# can this be right??



## cichlids _killer (Apr 13, 2008)

cycle my tank got the read to day 
ammonia 2.ppm
nitrite 0.1ppm
nitrate 10ppm


----------



## SF_BEAST (Oct 1, 2006)

Ammo should be 0ppm
Nitrite 0ppm

and Nitrate should be close to 10 ppm unless you have a planted tank...

Should be close to done cycling though.


----------



## cichlids _killer (Apr 13, 2008)

same thing i was think 
ammonia 0
nitrite 0 
nitrate 10ppm ( or whatever)
but my reading is not like that if im already got nitrate .why im still getting nitrite and ammonia??? can some one explain?? no tank just with sand and rock .thanks


----------



## cichlids _killer (Apr 13, 2008)

oh i got 4 goldfish feeder in there right now ...should i take them out? if they still in the tank the ammo and nitrite still there right?


----------



## prov356 (Sep 20, 2006)

You need to use several readings over the course of several days to know where you are with cycling. There's no way to tell for sure with one reading if levels are on the way up or down. Rather than reinvent the wheel, I'll refer you to a good explanation of the nitrogen cycle here. It's not unusual to see ammonia and nitrite above 0 during initial cycling of a tank.

If you're cycling with goldfish, then you need to either leave them in to completion or take them out and go with a 'fishless' cycle by adding ammonia daily. There's some info on fishless cycling here.


----------



## cichlids _killer (Apr 13, 2008)

ok after take all the gold feeder out and keep testing every 24hours to day my reading is...
ammonia 2ppm
nitrate 0 ppm
nitrite 40-50 ppm ( im sure about nitrite test that 2times) 
whats should i do now? thanks


----------



## iceblue (Apr 27, 2004)

I would do a water change and keep adding the ammonia. Wait 24 hrs and take your readings. If you are getting high nitrates and 0 nitrites and hopefully 0 amonnia you are probably cycled.


----------



## Voodoo Chilli (Jun 29, 2004)

The nitrates could be in the source water and are being added to the tank. Have you tested your tap water?

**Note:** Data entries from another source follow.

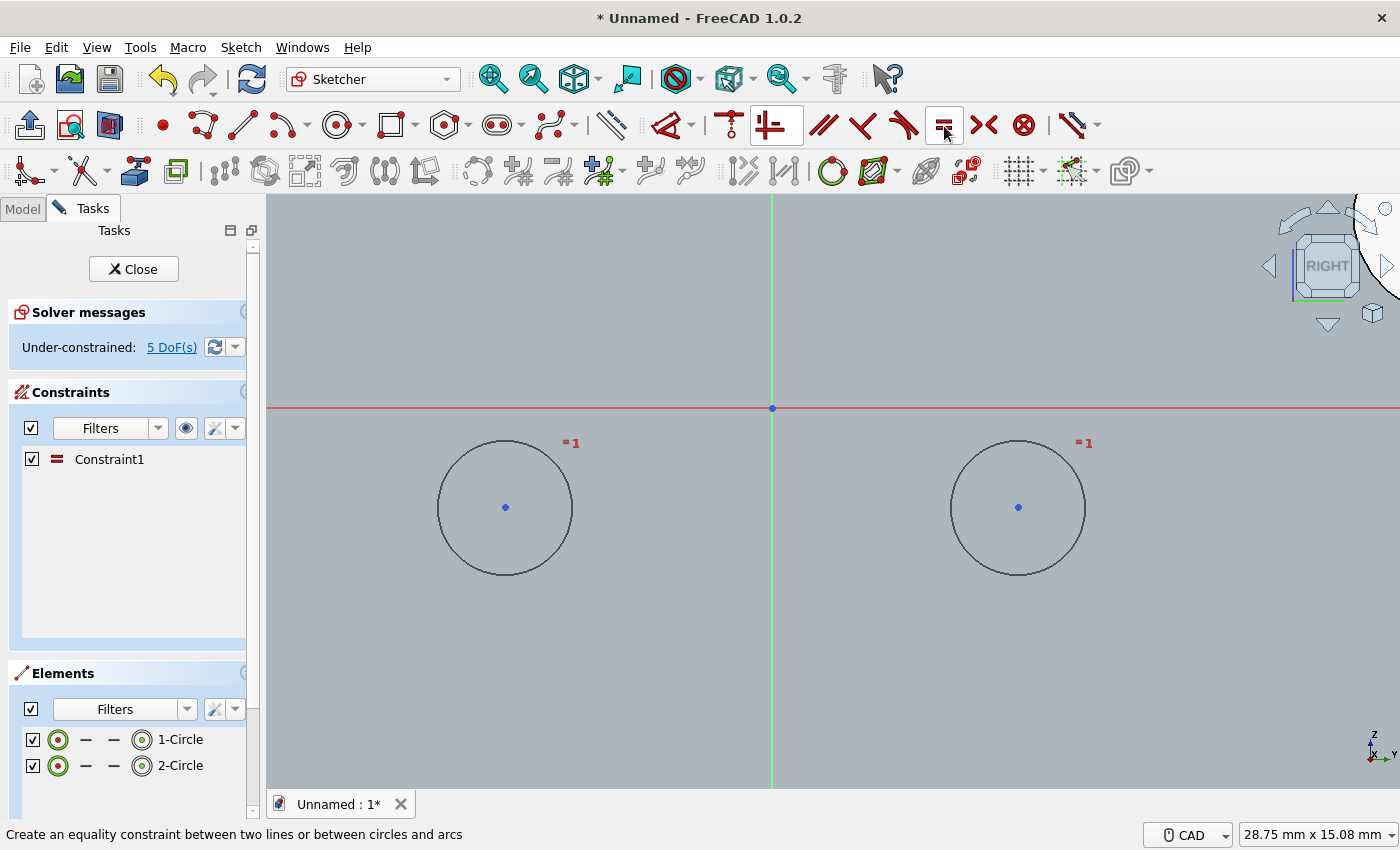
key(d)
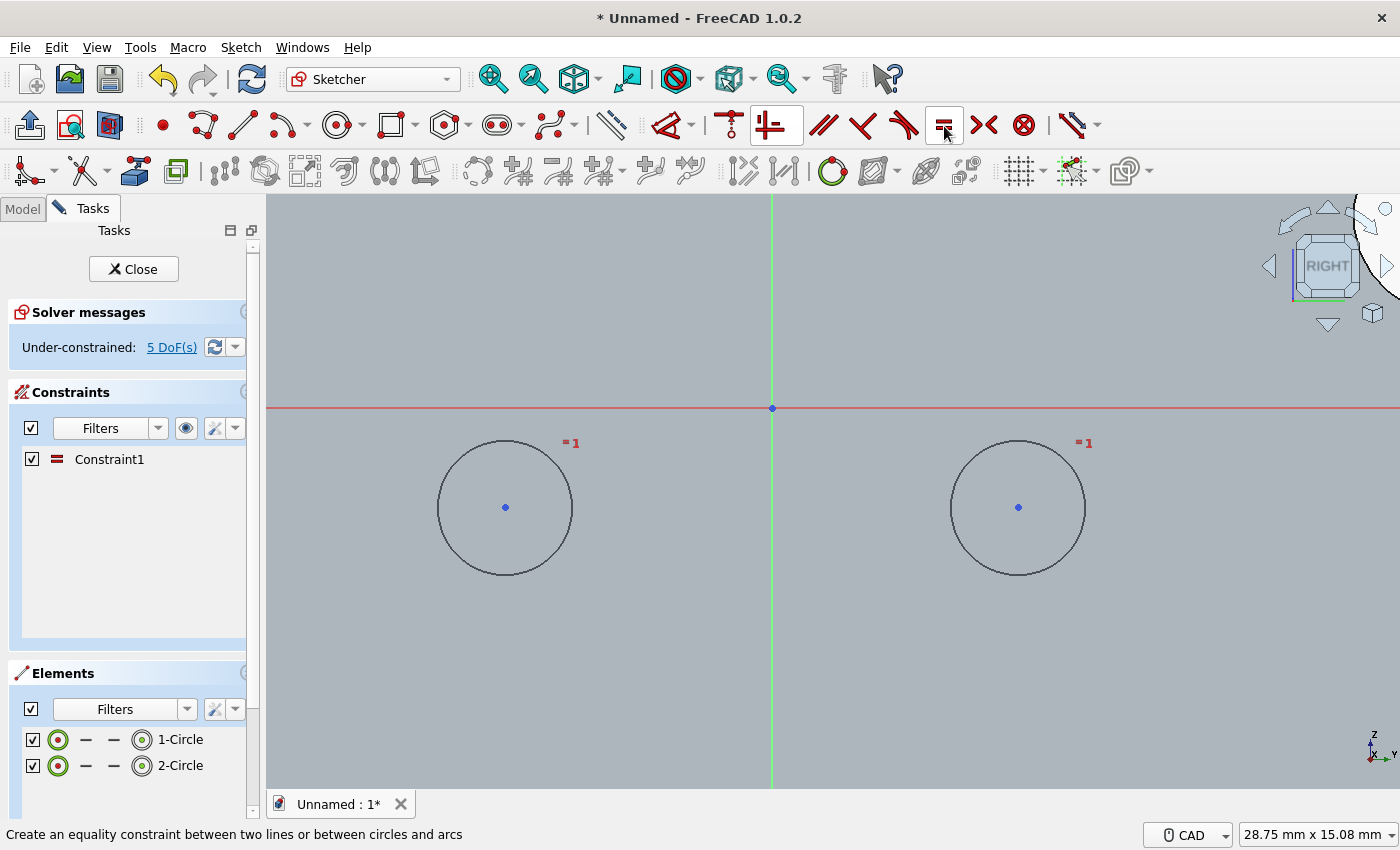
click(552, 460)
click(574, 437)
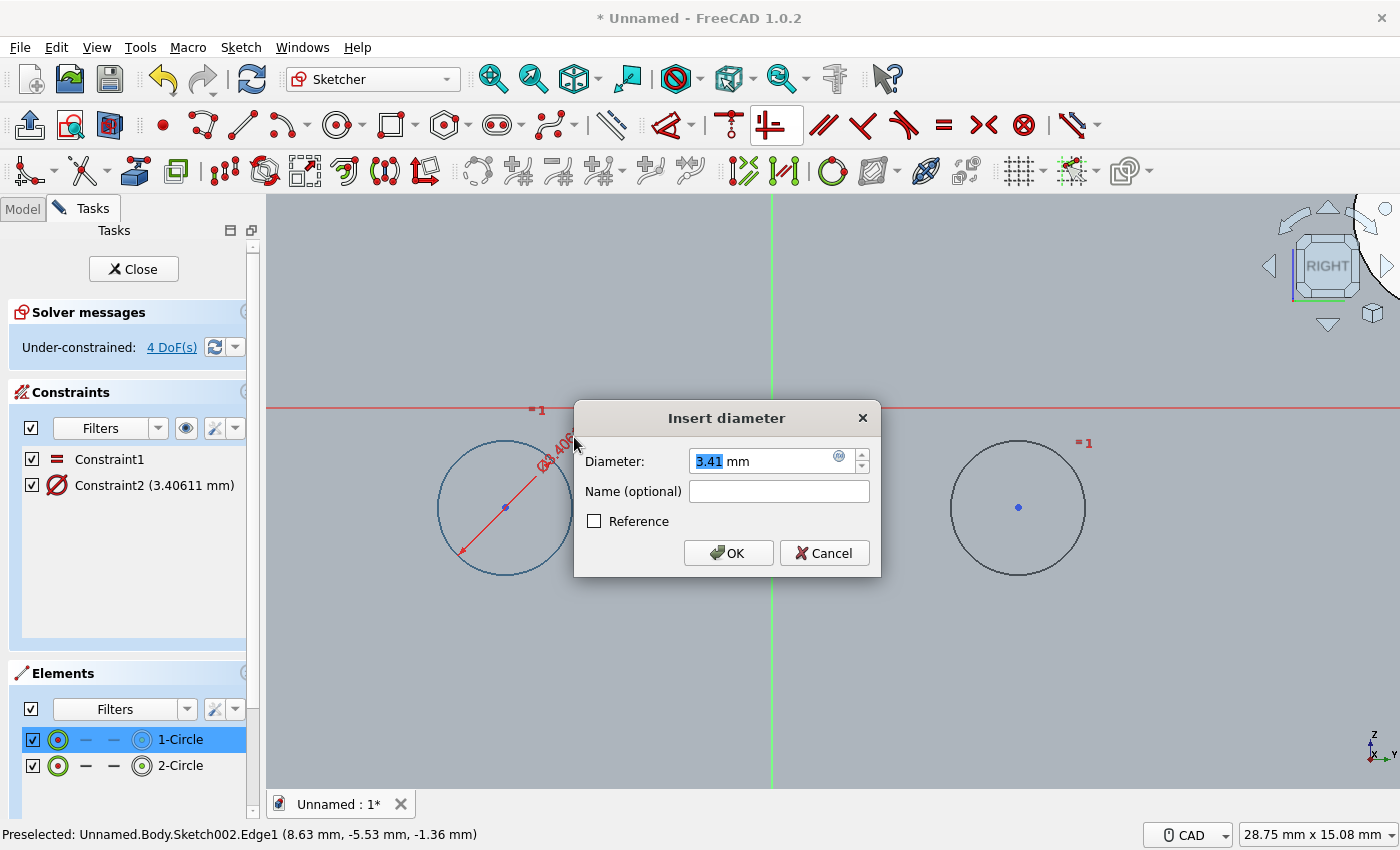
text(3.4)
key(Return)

If there's any ammonia being detected, the tank is not cycled. How long has this been set up? How big is the tank?


----------



## iceblue (Apr 27, 2004)

Voodoo Chilli said:


> The nitrates could be in the source water and are being added to the tank.


Thats what I thought at first but if you look at the first post, the OP had ammonia, nitrItes and nitrAtes showing. Now that he's changed his approach the NitItes are 0 and the nitrAtes are 40. The ammonia count could be high because he tested too soon after adding the ammonia or he added more ammonia then what the cycle fish were giving. Either way I would say that he is getting close to a done cycle.


----------



## cichlids _killer (Apr 13, 2008)

iceblue said:


> Voodoo Chilli said:
> 
> 
> > The nitrates could be in the source water and are being added to the tank.
> ...


bro i dont change anything, i been testing every day the same result with first post till i saw the test result changing that's why i post and asked.


----------



## cichlids _killer (Apr 13, 2008)

Voodoo Chilli said:


> The nitrates could be in the source water and are being added to the tank. Have you tested your tap water?
> 
> If there's any ammonia being detected, the tank is not cycled. How long has this been set up? How big is the tank?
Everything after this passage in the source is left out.